# Directions for this task
Extract every line of the material that holds the string "high".

[Given data]

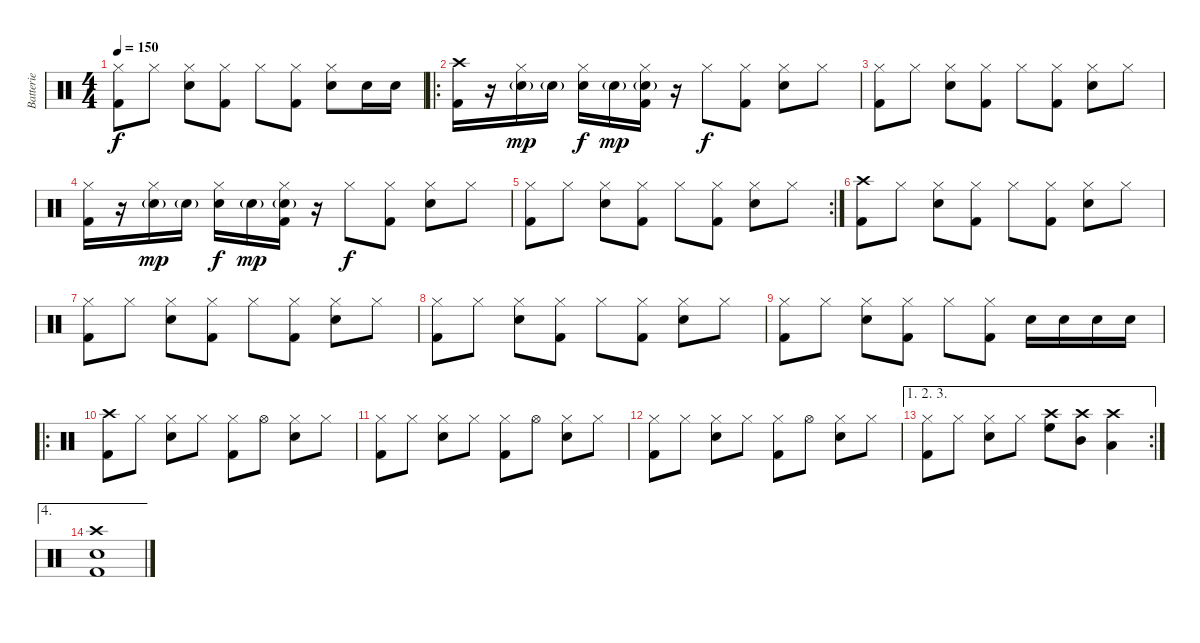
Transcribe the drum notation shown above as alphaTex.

\track ("Batterie" "Batterie") {instrument percussion}
\staff {score}
\articulation defaults
\ts (4 4)
\tempo 150
\clef neutral
\ks c
("Hi-Hat (closed)" "Kick (hit) 2").8{dy f} "Hi-Hat (closed)".8 ("Hi-Hat (closed)" "Snare (hit) 2").8 ("Hi-Hat (closed)" "Kick (hit) 2").8 "Hi-Hat (closed)".8 ("Hi-Hat (closed)" "Kick (hit) 2").8 ("Hi-Hat (closed)" "Snare (hit) 2").8 "Snare (hit) 2".16 "Snare (hit) 2".16 |
\ro
("Crash high (hit)" "Kick (hit) 2").16 r.16 ("Hi-Hat (closed)" "Snare (hit) 2"{g}).16{dy mp} "Snare (hit) 2"{g}.16 ("Hi-Hat (closed)" "Snare (hit) 2").16{dy f} "Snare (hit) 2"{g}.16{dy mp} ("Hi-Hat (closed)" "Snare (hit) 2"{g} "Kick (hit) 2").16 r.16 "Hi-Hat (closed)".8{dy f} ("Hi-Hat (closed)" "Kick (hit) 2").8 ("Hi-Hat (closed)" "Snare (hit) 2").8 "Hi-Hat (closed)".8 |
("Hi-Hat (closed)" "Kick (hit) 2").8 "Hi-Hat (closed)".8 ("Hi-Hat (closed)" "Snare (hit) 2").8 ("Hi-Hat (closed)" "Kick (hit) 2").8 "Hi-Hat (closed)".8 ("Hi-Hat (closed)" "Kick (hit) 2").8 ("Hi-Hat (closed)" "Snare (hit) 2").8 "Hi-Hat (closed)".8 |
("Hi-Hat (closed)" "Kick (hit) 2").16 r.16 ("Hi-Hat (closed)" "Snare (hit) 2"{g}).16{dy mp} "Snare (hit) 2"{g}.16 ("Hi-Hat (closed)" "Snare (hit) 2").16{dy f} "Snare (hit) 2"{g}.16{dy mp} ("Hi-Hat (closed)" "Snare (hit) 2"{g} "Kick (hit) 2").16 r.16 "Hi-Hat (closed)".8{dy f} ("Hi-Hat (closed)" "Kick (hit) 2").8 ("Hi-Hat (closed)" "Snare (hit) 2").8 "Hi-Hat (closed)".8 |
\rc 2
("Hi-Hat (closed)" "Kick (hit) 2").8 "Hi-Hat (closed)".8 ("Hi-Hat (closed)" "Snare (hit) 2").8 ("Hi-Hat (closed)" "Kick (hit) 2").8 "Hi-Hat (closed)".8 ("Hi-Hat (closed)" "Kick (hit) 2").8 ("Hi-Hat (closed)" "Snare (hit) 2").8 "Hi-Hat (closed)".8 |
("Crash high (hit)" "Kick (hit) 2").8 "Hi-Hat (closed)".8 ("Hi-Hat (closed)" "Snare (hit) 2").8 ("Hi-Hat (closed)" "Kick (hit) 2").8 "Hi-Hat (closed)".8 ("Hi-Hat (closed)" "Kick (hit) 2").8 ("Hi-Hat (closed)" "Snare (hit) 2").8 "Hi-Hat (closed)".8 |
("Hi-Hat (closed)" "Kick (hit) 2").8 "Hi-Hat (closed)".8 ("Hi-Hat (closed)" "Snare (hit) 2").8 ("Hi-Hat (closed)" "Kick (hit) 2").8 "Hi-Hat (closed)".8 ("Hi-Hat (closed)" "Kick (hit) 2").8 ("Hi-Hat (closed)" "Snare (hit) 2").8 "Hi-Hat (closed)".8 |
("Hi-Hat (closed)" "Kick (hit) 2").8 "Hi-Hat (closed)".8 ("Hi-Hat (closed)" "Snare (hit) 2").8 ("Hi-Hat (closed)" "Kick (hit) 2").8 "Hi-Hat (closed)".8 ("Hi-Hat (closed)" "Kick (hit) 2").8 ("Hi-Hat (closed)" "Snare (hit) 2").8 "Hi-Hat (closed)".8 |
("Hi-Hat (closed)" "Kick (hit) 2").8 "Hi-Hat (closed)".8 ("Hi-Hat (closed)" "Snare (hit) 2").8 ("Hi-Hat (closed)" "Kick (hit) 2").8 "Hi-Hat (closed)".8 ("Hi-Hat (closed)" "Kick (hit) 2").8 "Snare (hit) 2".16 "Snare (hit) 2".16 "Snare (hit) 2".16 "Snare (hit) 2".16 |
\ro
("Crash high (hit)" "Kick (hit) 2").8 "Hi-Hat (closed)".8 ("Hi-Hat (closed)" "Snare (hit) 2").8 "Hi-Hat (closed)".8 ("Hi-Hat (closed)" "Kick (hit) 2").8 "Hi-Hat (open)".8 ("Hi-Hat (closed)" "Snare (hit) 2").8 "Hi-Hat (closed)".8 |
("Hi-Hat (closed)" "Kick (hit) 2").8 "Hi-Hat (closed)".8 ("Hi-Hat (closed)" "Snare (hit) 2").8 "Hi-Hat (closed)".8 ("Hi-Hat (closed)" "Kick (hit) 2").8 "Hi-Hat (open)".8 ("Hi-Hat (closed)" "Snare (hit) 2").8 "Hi-Hat (closed)".8 |
("Hi-Hat (closed)" "Kick (hit) 2").8 "Hi-Hat (closed)".8 ("Hi-Hat (closed)" "Snare (hit) 2").8 "Hi-Hat (closed)".8 ("Hi-Hat (closed)" "Kick (hit) 2").8 "Hi-Hat (open)".8 ("Hi-Hat (closed)" "Snare (hit) 2").8 "Hi-Hat (closed)".8 |
\ae (1 2 3)
\rc 2
("Hi-Hat (closed)" "Kick (hit) 2").8 "Hi-Hat (closed)".8 ("Hi-Hat (closed)" "Snare (hit) 2").8 "Hi-Hat (closed)".8 ("Crash high (hit)" "High Floor Tom (hit)").8 ("Crash high (hit)" "Mid Tom (hit)").8 ("Crash high (hit)" "Low Tom (hit)").4 |
\ae 4
("Crash high (hit)" "Snare (hit) 2" "Kick (hit) 2").1
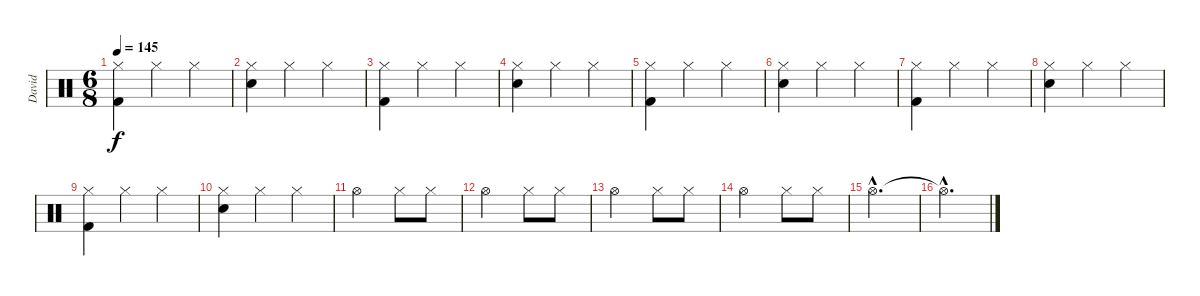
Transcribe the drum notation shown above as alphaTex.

\track ("David" "David") {instrument percussion}
\staff {score}
\articulation defaults
\ts (6 8)
\tempo 145
\clef neutral
\ks c
("Hi-Hat (closed)" "Kick (hit) 2").4{dy f} "Hi-Hat (closed)".4 "Hi-Hat (closed)".4 |
("Hi-Hat (closed)" "Electric Snare (hit)").4 "Hi-Hat (closed)".4 "Hi-Hat (closed)".4 |
("Hi-Hat (closed)" "Kick (hit) 2").4 "Hi-Hat (closed)".4 "Hi-Hat (closed)".4 |
("Hi-Hat (closed)" "Electric Snare (hit)").4 "Hi-Hat (closed)".4 "Hi-Hat (closed)".4 |
("Hi-Hat (closed)" "Kick (hit) 2").4 "Hi-Hat (closed)".4 "Hi-Hat (closed)".4 |
("Hi-Hat (closed)" "Electric Snare (hit)").4 "Hi-Hat (closed)".4 "Hi-Hat (closed)".4 |
("Hi-Hat (closed)" "Kick (hit) 2").4 "Hi-Hat (closed)".4 "Hi-Hat (closed)".4 |
("Hi-Hat (closed)" "Electric Snare (hit)").4 "Hi-Hat (closed)".4 "Hi-Hat (closed)".4 |
("Hi-Hat (closed)" "Kick (hit) 2").4 "Hi-Hat (closed)".4 "Hi-Hat (closed)".4 |
("Hi-Hat (closed)" "Electric Snare (hit)").4 "Hi-Hat (closed)".4 "Hi-Hat (closed)".4 |
"Hi-Hat (open)".2{volume 10} "Hi-Hat (closed)".8 "Hi-Hat (closed)".8 |
"Hi-Hat (open)".2 "Hi-Hat (closed)".8 "Hi-Hat (closed)".8 |
"Hi-Hat (open)".2 "Hi-Hat (closed)".8 "Hi-Hat (closed)".8 |
"Hi-Hat (open)".2 "Hi-Hat (closed)".8 "Hi-Hat (closed)".8 |
"Hi-Hat (open)"{hac}.2{d} |
"Hi-Hat (open)"{hac t}.2{d}

[/Given data]

# Answer below
("Crash high (hit)" "Kick (hit) 2").16 r.16 ("Hi-Hat (closed)" "Snare (hit) 2"{g}).16{dy mp} "Snare (hit) 2"{g}.16 ("Hi-Hat (closed)" "Snare (hit) 2").16{dy f} "Snare (hit) 2"{g}.16{dy mp} ("Hi-Hat (closed)" "Snare (hit) 2"{g} "Kick (hit) 2").16 r.16 "Hi-Hat (closed)".8{dy f} ("Hi-Hat (closed)" "Kick (hit) 2").8 ("Hi-Hat (closed)" "Snare (hit) 2").8 "Hi-Hat (closed)".8 |
("Crash high (hit)" "Kick (hit) 2").8 "Hi-Hat (closed)".8 ("Hi-Hat (closed)" "Snare (hit) 2").8 ("Hi-Hat (closed)" "Kick (hit) 2").8 "Hi-Hat (closed)".8 ("Hi-Hat (closed)" "Kick (hit) 2").8 ("Hi-Hat (closed)" "Snare (hit) 2").8 "Hi-Hat (closed)".8 |
("Crash high (hit)" "Kick (hit) 2").8 "Hi-Hat (closed)".8 ("Hi-Hat (closed)" "Snare (hit) 2").8 "Hi-Hat (closed)".8 ("Hi-Hat (closed)" "Kick (hit) 2").8 "Hi-Hat (open)".8 ("Hi-Hat (closed)" "Snare (hit) 2").8 "Hi-Hat (closed)".8 |
("Hi-Hat (closed)" "Kick (hit) 2").8 "Hi-Hat (closed)".8 ("Hi-Hat (closed)" "Snare (hit) 2").8 "Hi-Hat (closed)".8 ("Crash high (hit)" "High Floor Tom (hit)").8 ("Crash high (hit)" "Mid Tom (hit)").8 ("Crash high (hit)" "Low Tom (hit)").4 |
("Crash high (hit)" "Snare (hit) 2" "Kick (hit) 2").1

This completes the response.